Unggas: Meskipun lebih jarang, beberapa orang bisa alergi terhadap protein dalam daging unggas seperti ayam ataupun kalkun.
Saat mengalami alergi terhadap protein hewani, ada beberapa langkah yang bisa dicoba untuk mengatasinya:
Konsultasikan dengan Dokter: Sangat penting untuk mendapatkan diagnosis yang tepat dari dokter atau ahli alergi untuk memastikan alergi yang kamu alami adalah terhadap protein hewani.
Eliminasi dari Diet: Segera hentikan konsumsi makanan yang mengandung protein hewani yang memicu alergi. Ini termasuk daging, telur, susu, serta produk-produk turunannya. Perlu perhatian ekstra karena beberapa makanan atau produk mungkin juga mengandung protein hewani dalam jumlah yang tidak terduga.
Ganti dengan Alternatif Nabati: Untuk memenuhi kebutuhan nutrisi, kamu bisa mengganti sumber protein hewani dengan sumber protein nabati seperti kacang-kacangan, tahu, tempe, kacang polong, dan biji-bijian. Pastikan juga kamu mendapatkan nutrisi yang cukup dari sumber-sumber ini.
Perhatikan Label Makanan: Pada saat membeli makanan olahan, selalu periksa label untuk memastikan tidak ada kandungan protein hewani tersembunyi.
Pertimbangkan Suplemen: Jika perlu, kamu juga bisa berkonsultasi dengan dokter atau ahli gizi mengenai suplemen yang dapat membantu memenuhi kebutuhan nutrisi tanpa menimbulkan reaksi alergi.
Waspadai Reaksi Alergi: Jika kamu mengalami reaksi alergi yang parah seperti sesak napas, pembengkakan, atau gatal-gatal yang parah setelah konsumsi makanan tertentu, segera cari pertolongan medis.
Pantau Perubahan dan Konsultasi Rutin: Jangan lupa untuk melakukan pemantauan terhadap respons tubuh terhadap perubahan diet dan konsultasikan secara rutin dengan dokter atau ahli gizi. Tujuannya adalah untuk memastikan bahwa kamu mendapatkan nutrisi yang cukup dan aman.
Penting untuk diingat bahwa setiap kasus alergi termasuk alergi protein hewani bisa bervariasi.
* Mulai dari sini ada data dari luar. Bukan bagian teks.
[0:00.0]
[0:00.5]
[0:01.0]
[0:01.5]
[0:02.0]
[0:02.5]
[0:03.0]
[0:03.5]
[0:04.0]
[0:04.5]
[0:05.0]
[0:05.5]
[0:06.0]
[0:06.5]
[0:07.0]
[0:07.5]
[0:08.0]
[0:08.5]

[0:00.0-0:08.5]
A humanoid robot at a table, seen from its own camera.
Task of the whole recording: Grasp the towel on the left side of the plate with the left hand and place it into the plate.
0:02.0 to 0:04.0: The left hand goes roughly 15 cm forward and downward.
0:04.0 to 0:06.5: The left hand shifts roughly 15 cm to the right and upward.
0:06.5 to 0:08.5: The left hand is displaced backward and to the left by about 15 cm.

Jadi, pengelolaan alergi protein hewani tentunya harus disesuaikan dengan kebutuhan kesehatan dan rekomendasi dari profesional kesehatan yang memahami kondisimu.
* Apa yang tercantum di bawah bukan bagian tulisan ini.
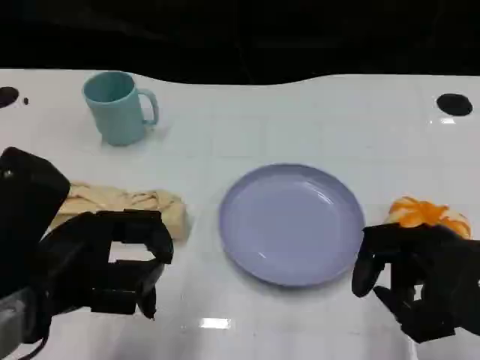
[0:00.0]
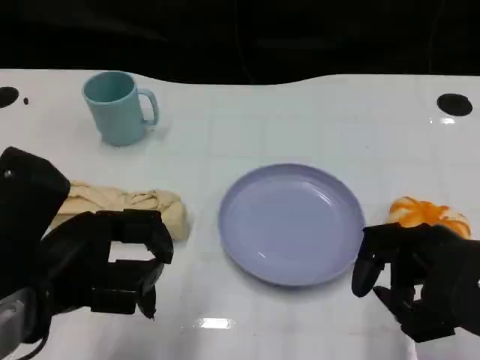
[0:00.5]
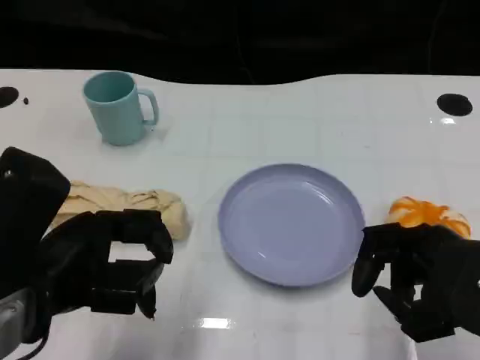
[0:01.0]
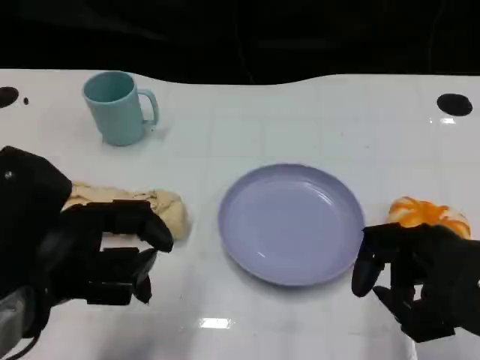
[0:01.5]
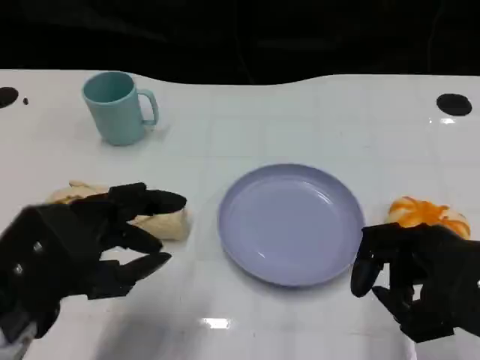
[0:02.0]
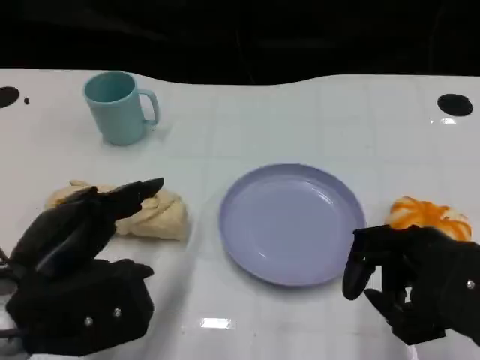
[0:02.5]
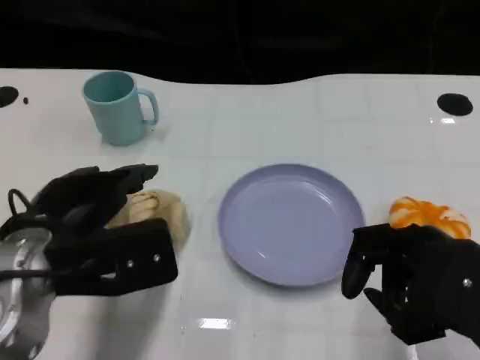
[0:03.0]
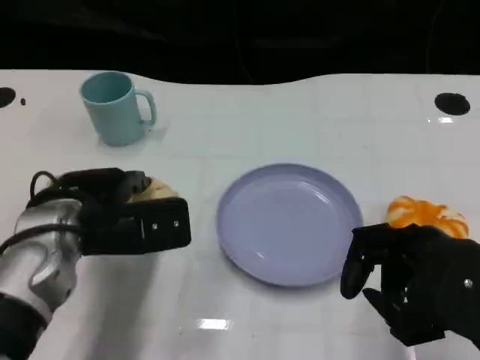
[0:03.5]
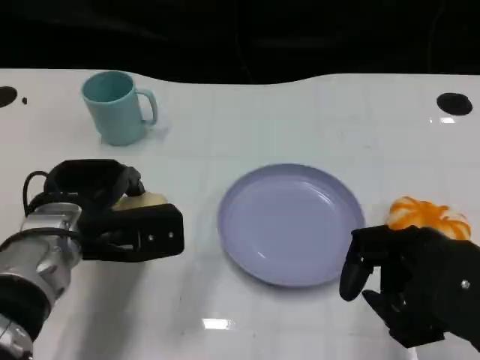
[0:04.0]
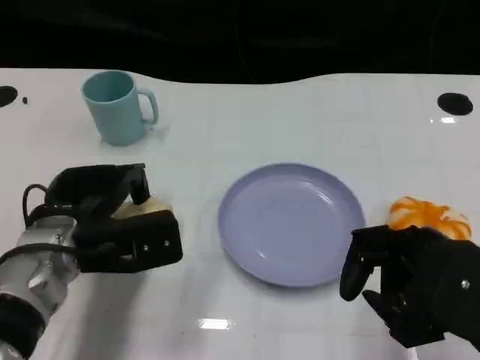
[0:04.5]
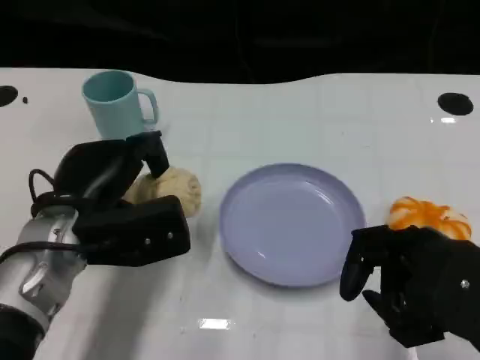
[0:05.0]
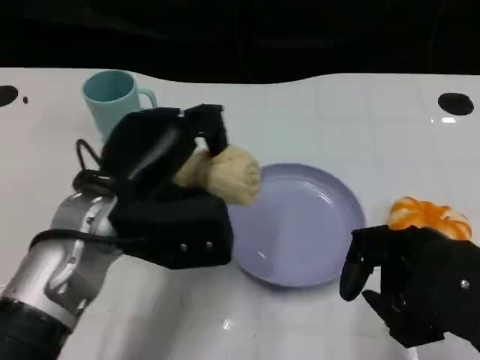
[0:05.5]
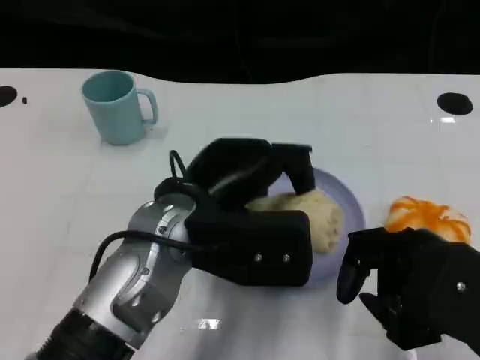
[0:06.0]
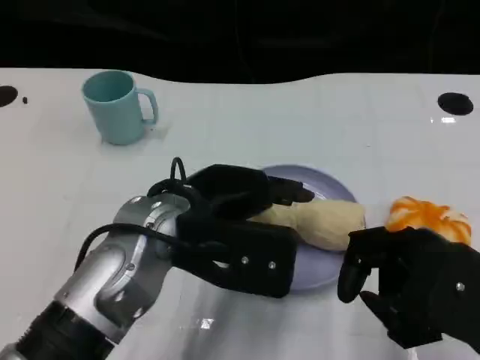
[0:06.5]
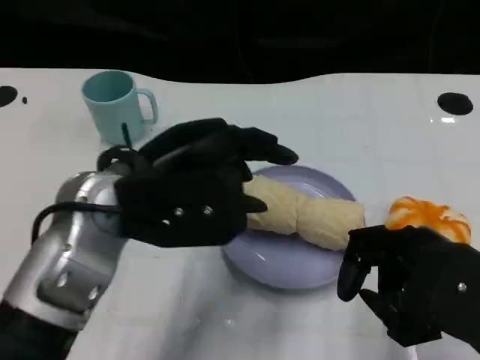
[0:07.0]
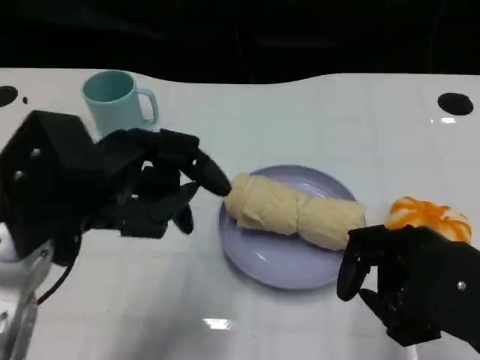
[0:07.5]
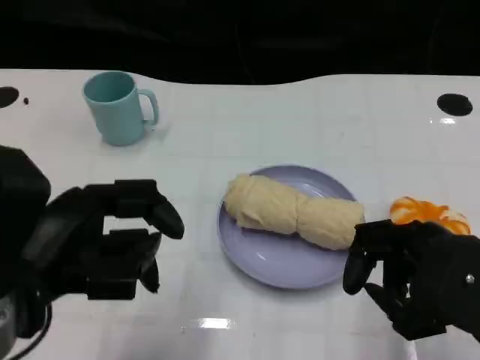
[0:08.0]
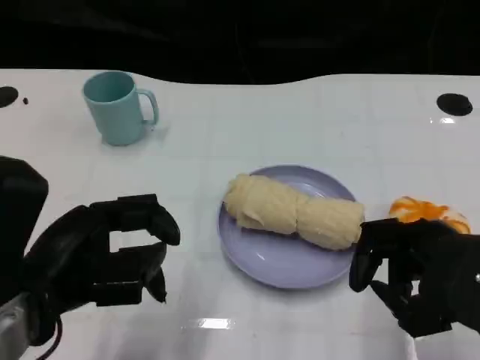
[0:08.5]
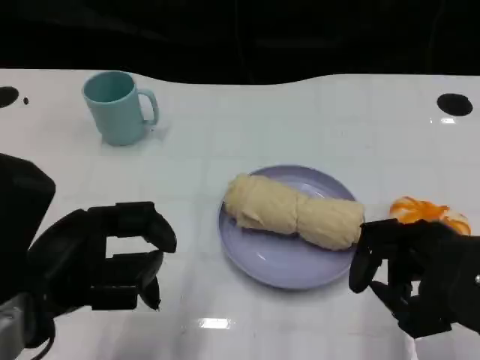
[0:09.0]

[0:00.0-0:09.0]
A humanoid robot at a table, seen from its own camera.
Task of the whole recording: Grasp the towel on the left side of the plate with the left hand and place it into the plate.
0:02.0 to 0:04.5: The left hand shifts roughly 10 cm forward and downward.
0:04.5 to 0:07.0: The left hand shifts about 10 cm upward.
0:07.0 to 0:09.0: The left hand goes about 10 cm to the left and backward.

Untuk mengobati reaksi alergi terhadap protein hewani, jenis-jenis obat berikut ini bisa digunakan:
Gunakan antihistamin seperti cetirizine untuk meredakan gejala ringan seperti gatal-gatal atau ruam.
Untuk kasus yang lebih serius, dokter mungkin akan meresepkan kortikosteroid untuk mengurangi peradangan dan pembengkakan.
Jika alergi menyebabkan gejala asma seperti sesak napas, maka bronkodilator dapat digunakan untuk melegakan saluran napas.
Untuk reaksi alergi yang parah (anafilaksis), maka epinephrine auto-injector sangat diperlukan. Ini merupakan jenis pengobatan darurat yang harus selalu dibawa oleh penderita alergi parah.
Selalu ingat bahwa pengelolaan yang tepat tentunya dapat membantu mencegah dan mengatasi gejala, sehingga kualitas hidup penderita tetap baik.